Il y a vingt ans, les deux tours du World Trade Center s’effondraient sous l’assaut de terroristes islamistes. Le général de division (2s) Vincent Desportes analyse, au micro de Boulevard Voltaire, l’importance historique de cet attentat et l’évolution de la place des États-Unis sur la scène internationale.

 

Il y a vingt ans, l’Amérique a tremblé et vu les deux tours du World Trade Center s’effondrer sous l’assaut de terroristes islamistes. Vous aviez écrit deux ouvrages, Le Piège américain : pourquoi les États-Unis peuvent perdre les guerres d’aujourd’hui et L’Amérique en armes.
Ce jour-là, l’Amérique a-t-elle compris qu’elle n’était pas toute-puissante ?

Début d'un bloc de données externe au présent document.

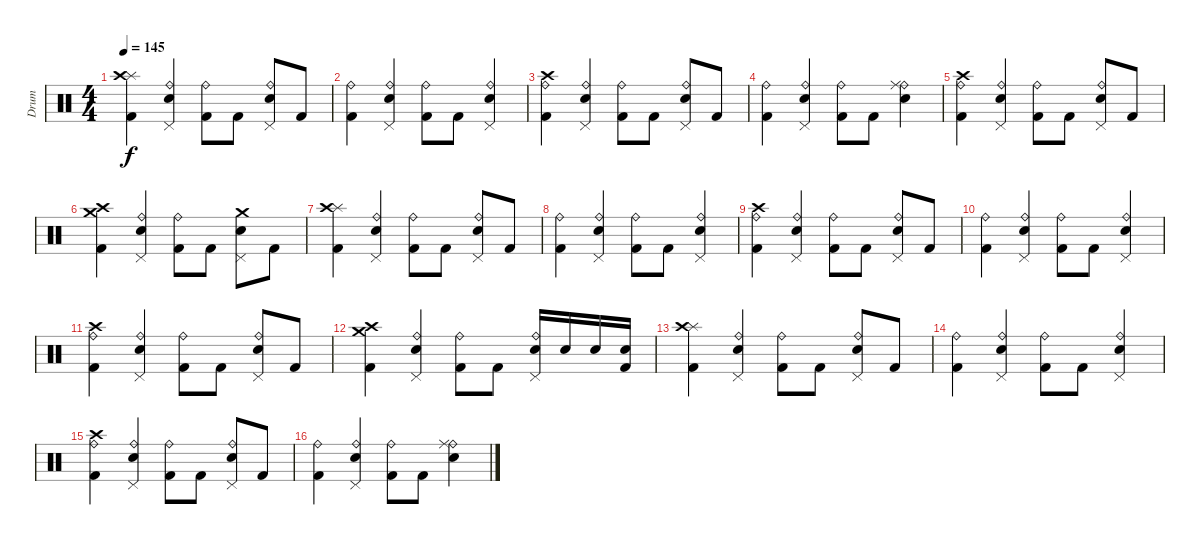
\track ("Drum" "Drum") {instrument percussion}
\staff {score}
\articulation defaults
\ts (4 4)
\tempo 145
\clef neutral
\ks c
("Splash (hit)" "Crash high (hit)" "Kick (hit) 2").4{dy f} ("Ride (bell)" "Snare (hit) 2" "Pedal Hi-Hat (hit)").4 ("Ride (bell)" "Kick (hit) 2").8 "Kick (hit) 2".8 ("Ride (bell)" "Snare (hit) 2" "Pedal Hi-Hat (hit)").8 "Kick (hit) 2".8 |
("Ride (bell)" "Kick (hit) 2").4 ("Ride (bell)" "Snare (hit) 2" "Pedal Hi-Hat (hit)").4 ("Ride (bell)" "Kick (hit) 2").8 "Kick (hit) 2".8 ("Ride (bell)" "Snare (hit) 2" "Pedal Hi-Hat (hit)").4 |
("Ride (bell)" "Crash high (hit)" "Kick (hit) 2").4 ("Ride (bell)" "Snare (hit) 2" "Pedal Hi-Hat (hit)").4 ("Ride (bell)" "Kick (hit) 2").8 "Kick (hit) 2".8 ("Ride (bell)" "Snare (hit) 2" "Pedal Hi-Hat (hit)").8 "Kick (hit) 2".8 |
("Ride (bell)" "Kick (hit) 2").4 ("Ride (bell)" "Snare (hit) 2" "Pedal Hi-Hat (hit)").4 ("Ride (bell)" "Kick (hit) 2").8 "Kick (hit) 2".8 ("Ride (bell)" "Snare (hit) 2" "Ride (middle)").4 |
("Ride (bell)" "Crash high (hit)" "Kick (hit) 2").4 ("Ride (bell)" "Snare (hit) 2" "Pedal Hi-Hat (hit)").4 ("Ride (bell)" "Kick (hit) 2").8 "Kick (hit) 2".8 ("Ride (bell)" "Snare (hit) 2" "Pedal Hi-Hat (hit)").8 "Kick (hit) 2".8 |
("Crash medium (hit)" "Crash high (hit)" "Kick (hit) 2").4 ("Ride (bell)" "Snare (hit) 2" "Pedal Hi-Hat (hit)").4 ("Ride (bell)" "Kick (hit) 2").8 "Kick (hit) 2".8 ("Crash medium (hit)" "Snare (hit) 2" "Pedal Hi-Hat (hit)").8 "Kick (hit) 2".8 |
("Splash (hit)" "Crash high (hit)" "Kick (hit) 2").4 ("Ride (bell)" "Snare (hit) 2" "Pedal Hi-Hat (hit)").4 ("Ride (bell)" "Kick (hit) 2").8 "Kick (hit) 2".8 ("Ride (bell)" "Snare (hit) 2" "Pedal Hi-Hat (hit)").8 "Kick (hit) 2".8 |
("Ride (bell)" "Kick (hit) 2").4 ("Ride (bell)" "Snare (hit) 2" "Pedal Hi-Hat (hit)").4 ("Ride (bell)" "Kick (hit) 2").8 "Kick (hit) 2".8 ("Ride (bell)" "Snare (hit) 2" "Pedal Hi-Hat (hit)").4 |
("Ride (bell)" "Crash high (hit)" "Kick (hit) 2").4 ("Ride (bell)" "Snare (hit) 2" "Pedal Hi-Hat (hit)").4 ("Ride (bell)" "Kick (hit) 2").8 "Kick (hit) 2".8 ("Ride (bell)" "Snare (hit) 2" "Pedal Hi-Hat (hit)").8 "Kick (hit) 2".8 |
("Ride (bell)" "Kick (hit) 2").4 ("Ride (bell)" "Snare (hit) 2" "Pedal Hi-Hat (hit)").4 ("Ride (bell)" "Kick (hit) 2").8 "Kick (hit) 2".8 ("Ride (bell)" "Snare (hit) 2" "Pedal Hi-Hat (hit)").4 |
("Ride (bell)" "Crash high (hit)" "Kick (hit) 2").4 ("Ride (bell)" "Snare (hit) 2" "Pedal Hi-Hat (hit)").4 ("Ride (bell)" "Kick (hit) 2").8 "Kick (hit) 2".8 ("Ride (bell)" "Snare (hit) 2" "Pedal Hi-Hat (hit)").8 "Kick (hit) 2".8 |
("Crash medium (hit)" "Crash high (hit)" "Kick (hit) 2").4 ("Ride (bell)" "Snare (hit) 2" "Pedal Hi-Hat (hit)").4 ("Ride (bell)" "Kick (hit) 2").8 "Kick (hit) 2".8 ("Ride (bell)" "Snare (hit) 2" "Pedal Hi-Hat (hit)").16 "Snare (hit) 2".16 "Snare (hit) 2".16 ("Snare (hit) 2" "Kick (hit) 2").16 |
("Splash (hit)" "Crash high (hit)" "Kick (hit) 2").4 ("Ride (bell)" "Snare (hit) 2" "Pedal Hi-Hat (hit)").4 ("Ride (bell)" "Kick (hit) 2").8 "Kick (hit) 2".8 ("Ride (bell)" "Snare (hit) 2" "Pedal Hi-Hat (hit)").8 "Kick (hit) 2".8 |
("Ride (bell)" "Kick (hit) 2").4 ("Ride (bell)" "Snare (hit) 2" "Pedal Hi-Hat (hit)").4 ("Ride (bell)" "Kick (hit) 2").8 "Kick (hit) 2".8 ("Ride (bell)" "Snare (hit) 2" "Pedal Hi-Hat (hit)").4 |
("Ride (bell)" "Crash high (hit)" "Kick (hit) 2").4 ("Ride (bell)" "Snare (hit) 2" "Pedal Hi-Hat (hit)").4 ("Ride (bell)" "Kick (hit) 2").8 "Kick (hit) 2".8 ("Ride (bell)" "Snare (hit) 2" "Pedal Hi-Hat (hit)").8 "Kick (hit) 2".8 |
("Ride (bell)" "Kick (hit) 2").4 ("Ride (bell)" "Snare (hit) 2" "Pedal Hi-Hat (hit)").4 ("Ride (bell)" "Kick (hit) 2").8 "Kick (hit) 2".8 ("Ride (bell)" "Snare (hit) 2" "Ride (middle)").4

C’est la première fois que la guerre a été portée sur son territoire national. Toutes les autres guerres ont été conduites à l’extérieur, à part la guerre civile qui est une guerre interne. C’est la première fois que les Américains ont vu les effets de la guerre sur leur propre sol. Cette date est aussi très importante parce qu’elle va clore une période très courte, entre la chute du mur et la chute des tours. Cette période est la période de l’illusion de la toute-puissance américaine et l’illusion de nos valeurs de démocratie et de liberté voulues par tout le monde. Cette période charnière est très intéressante, celle où, effectivement, l’Amérique va perdre son illusion d’être une puissance intouchable.

  

Lorsqu’on regarde l’Histoire américaine, il y a d’abord une opposition avec l’Angleterre puis avec le Mexique dans une moindre mesure, avec l’Allemagne nazie, avec l’URSS et, maintenant, le terrorisme international. C’est comme si les Américains avaient toujours eu besoin d’une espèce d’ennemi de l’extérieur qui nécessite la mobilisation de la population contre cet ennemi de l’extérieur pour préserver l’intérieur. Cet aspect fait-il partie de l’identité américaine ?

Effectivement, l’Amérique est pratiquement toujours en guerre, à quelques exceptions près, depuis que les États-Unis ont été créés. On peut penser que les États-Unis sont une nation belliqueuse. Le sont-ils par nature ? L’Amérique s’est construite dans la violence et dans une lutte à mort contre les Français au départ, contre les Britanniques et contre les Indiens. Les Américains ont toujours conduit des guerres totales, contre la guerre elle-même en 1919, puis contre le mal absolu qu’était le Troisième Reich.

On a l’impression, aujourd’hui, que l’Amérique a besoin de ce conflit qui monte contre la Chine.

C’est là que notre vision du monde, à nous Européens, n’est pas la vision américaine. Le secrétaire d’État à la Défense américain a rappelé, en juin dernier, à l’OTAN, à Bruxelles, que l’OTAN devait se concentrer sur la guerre contre la Chine. Je pense que nous devons savoir dire non et dire que ce n’est pas notre vision du monde. Une nouvelle fois, l’Amérique a perdu de manière quasiment honteuse sa guerre contre les talibans. Nous devons faire extrêmement attention à cet allié qui peut être aussi bien dangereux que bienfaisant.

 

Vingt ans après le 11 septembre, les États-Unis se retirent d’Afghanistan. Cela marque-t-il un déclin de l’influence américaine ?

Cela ne marque pas le coup d’arrêt. La fin de cette vocation était en germe depuis longtemps. Le président Obama était déjà dans ce mood-là. Le président Bush avait, lui, relancé les guerres. C’était en gestation. Il est effectivement probable que les Américains sont définitivement fatigués de la guerre.

Il n’a échappé à personne que les États-Unis ont perdu toutes leurs guerres depuis 1945. Pour aller faire la guerre, il faut des alliés. Je pense qu’ils auront de plus en plus de mal à en avoir puisqu’ils ont abandonné leurs alliés, qu’ils soient vietnamiens, irakiens ou afghans. Ils n’ont pas tenu leur parole. Un véritable problème pour les États-Unis, mais pour l’Occident, puisque les États-Unis sont nos alliés quoi qu’il arrive, c’est la démonétisation de la parole américaine qui risque d’entraîner des troubles très importants dans le monde entier.